Este cabrón no va a cambiar nunca.
—Veo que mantienes las viejas costumbres, Rivas.
—Lo que funciona no hay que tocarlo, ya lo sabes. —Cristóbal hablaba sin levantar la vista de la cavidad nasal que tenía delante—. Imagino que, antes de coserme a preguntas, tendrás la decencia de presentarme a la persona que viene contigo.
Loor aún no había abierto la boca. Permanecía en segundo plano, su zona de confort desde que llegó a Madrid. Instintivamente, se atusó el pelo. Lo hacía sin darse cuenta siempre que alguien hablaba de ella en su presencia. Se adelantó.
—Mi nombre es Loor Galván. Encantada de conocerle, doctor Rivas. El agente Nash me ha hablado poco de usted… pero suficiente.
—Le he hablado poco pero muy bien, Cristóbal. Que es lo importante.
—Veo que sigues siendo un mitómano.
—No te admiro ni un poco, no te equivoques —repuso Axel—. ¿Quién te crees que eres? ¿Mick Jagger?
Loor agarró a Axel por el antebrazo.
—La mitomanía es un trastorno psicológico que consiste en mentir de manera compulsiva y patológica. El doctor Rivas tiene razón en lo que dice.
Joder.
—Ya lo sabía. No os creáis tan listos.
—Ahí tiene, agente Galván, una prueba más de su mitomanía —cerró Cristóbal señalando a Axel.
Loor sonrió. Dio un paso al frente. Siempre lograba sentirse cómoda rodeada de gente mayor, y sus elucubraciones situaban al doctor Rivas muy cerca de la jubilación. No tanto por las canas que aclaraban su nuca, o por la carretera de arrugas que atravesaba su frente, como por su manera de estar. El doctor Rivas estaba como están las personas que ya han vivido suficiente. Un estado que no se alcanza al cumplir una determinada edad sino que es algo más etéreo. Algo que a él le había dado su trabajo. Tantas horas interrogando a la muerte le habían proporcionado una calma rotunda. La tranquilidad que da el conocimiento.

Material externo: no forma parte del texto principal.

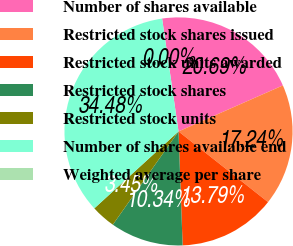Convert chart to OTSL. <chart><loc_0><loc_0><loc_500><loc_500><pie_chart><fcel>Number of shares available<fcel>Restricted stock shares issued<fcel>Restricted stock units awarded<fcel>Restricted stock shares<fcel>Restricted stock units<fcel>Number of shares available end<fcel>Weighted average per share<nl><fcel>20.69%<fcel>17.24%<fcel>13.79%<fcel>10.34%<fcel>3.45%<fcel>34.48%<fcel>0.0%<nl></chart> 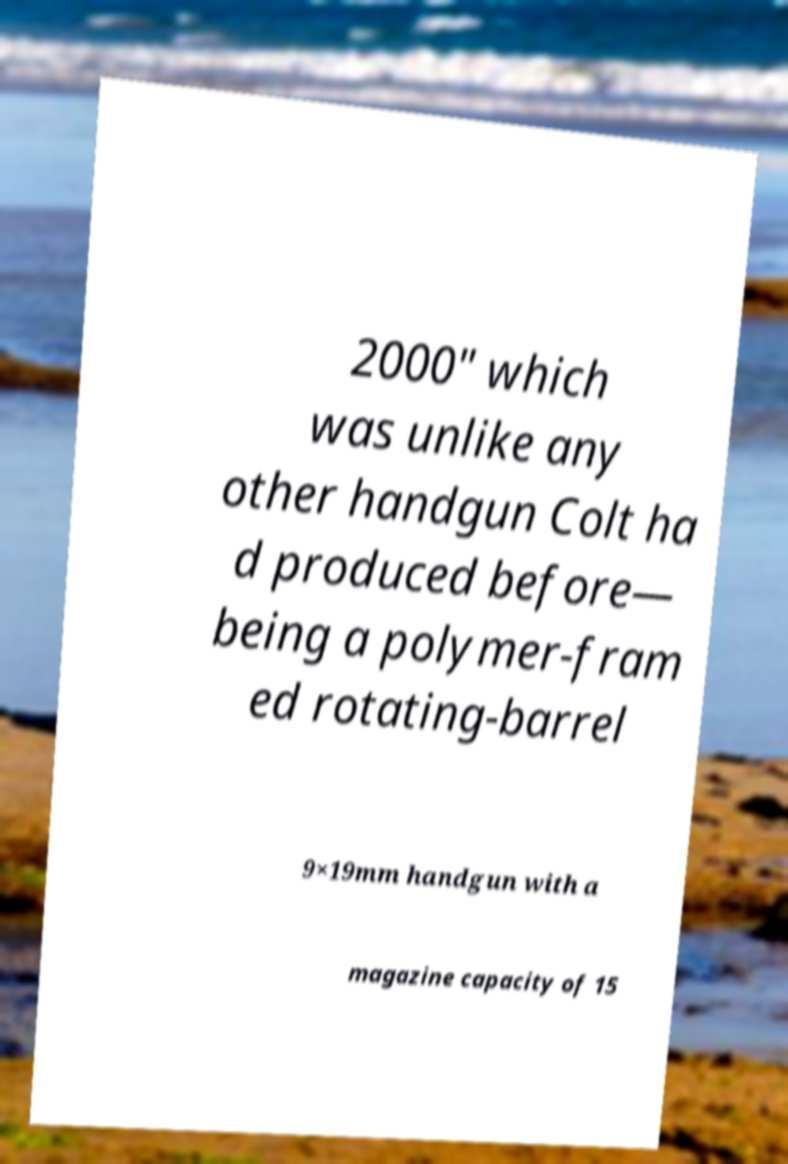There's text embedded in this image that I need extracted. Can you transcribe it verbatim? 2000" which was unlike any other handgun Colt ha d produced before— being a polymer-fram ed rotating-barrel 9×19mm handgun with a magazine capacity of 15 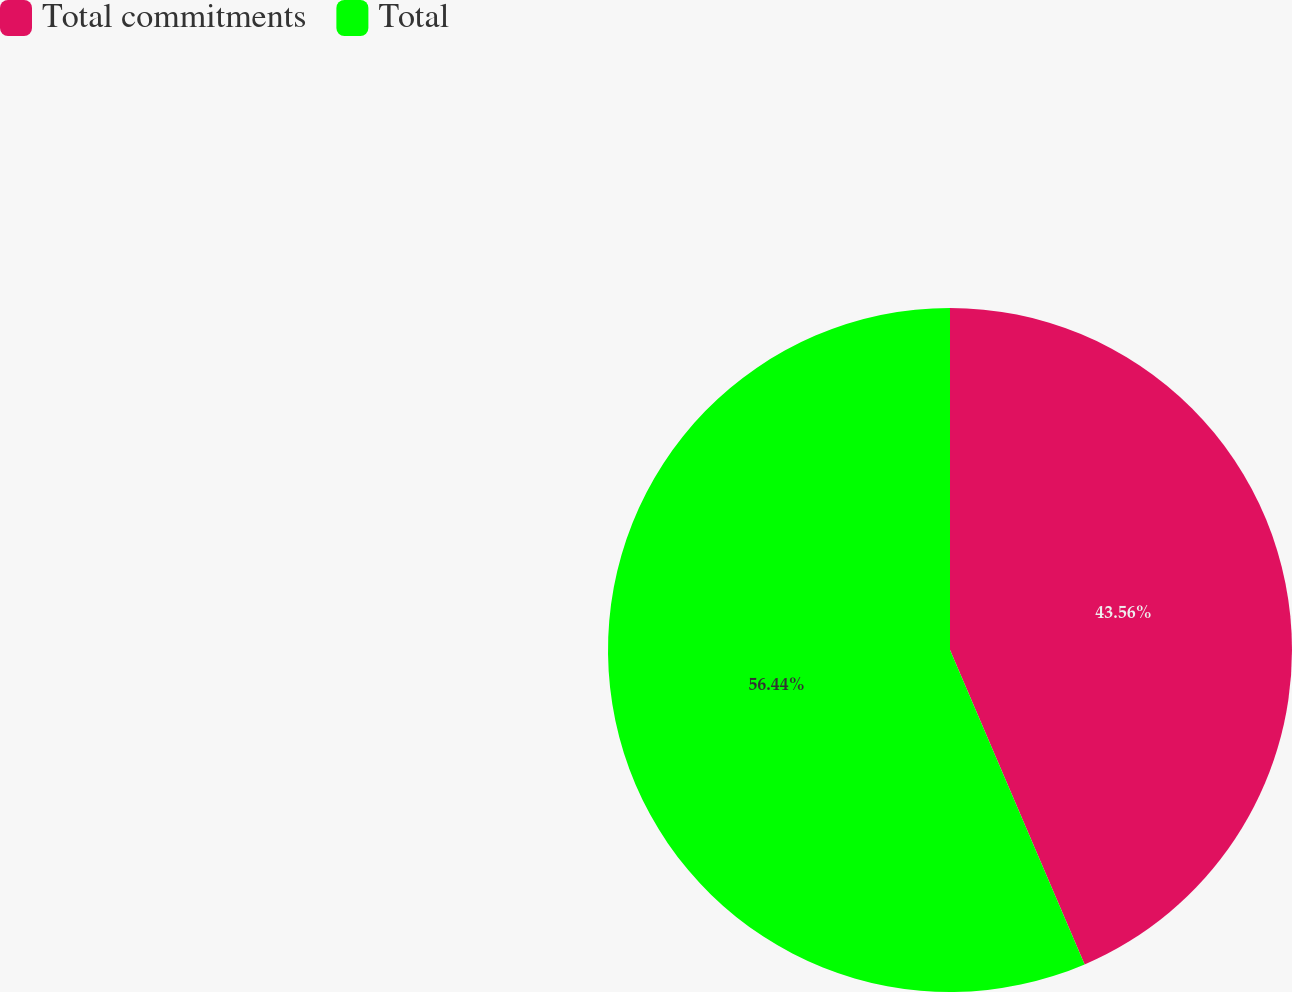<chart> <loc_0><loc_0><loc_500><loc_500><pie_chart><fcel>Total commitments<fcel>Total<nl><fcel>43.56%<fcel>56.44%<nl></chart>

Axel se fijó en la mirada inquieta de su amigo. Sus pupilas seguían vibrando por encima de las gafas. La nariz respingona… Todo él era respingón. Los años le habían redondeado. Su cuerpo parecía formado por tres ruedas de diferente tamaño. Las piernas. El tronco. La cabeza. Su incipiente alopecia y su papada remataban un conjunto cinematográfico. Se había convertido en la silueta de Alfred Hitchcock. Axel concluyó que si le diese por hacer un cameo, donde mejor encajaría el doctor Cristóbal Rivas era, sin lugar a dudas, en El hombre que sabía demasiado.
—¿Qué tienes para mí, Cris? —preguntó.
—Mucho lío, Axel. ¿No ves cómo estoy? No llego a todo. Vienes por el caso del periodista, ¿no?
—Exacto. Estamos un poco perdidos. He leído tu informe preliminar. Lo del desgarro en el ano. Necesitamos que arrojes algo de luz.
—Sabes que no me gusta precipitarme, Axel. La paciencia siempre ha allanado mi camino y no voy a cambiar ahora, siendo tan mayor.
—¿Cuándo crees que empezarás con nuestro muerto? —insistió.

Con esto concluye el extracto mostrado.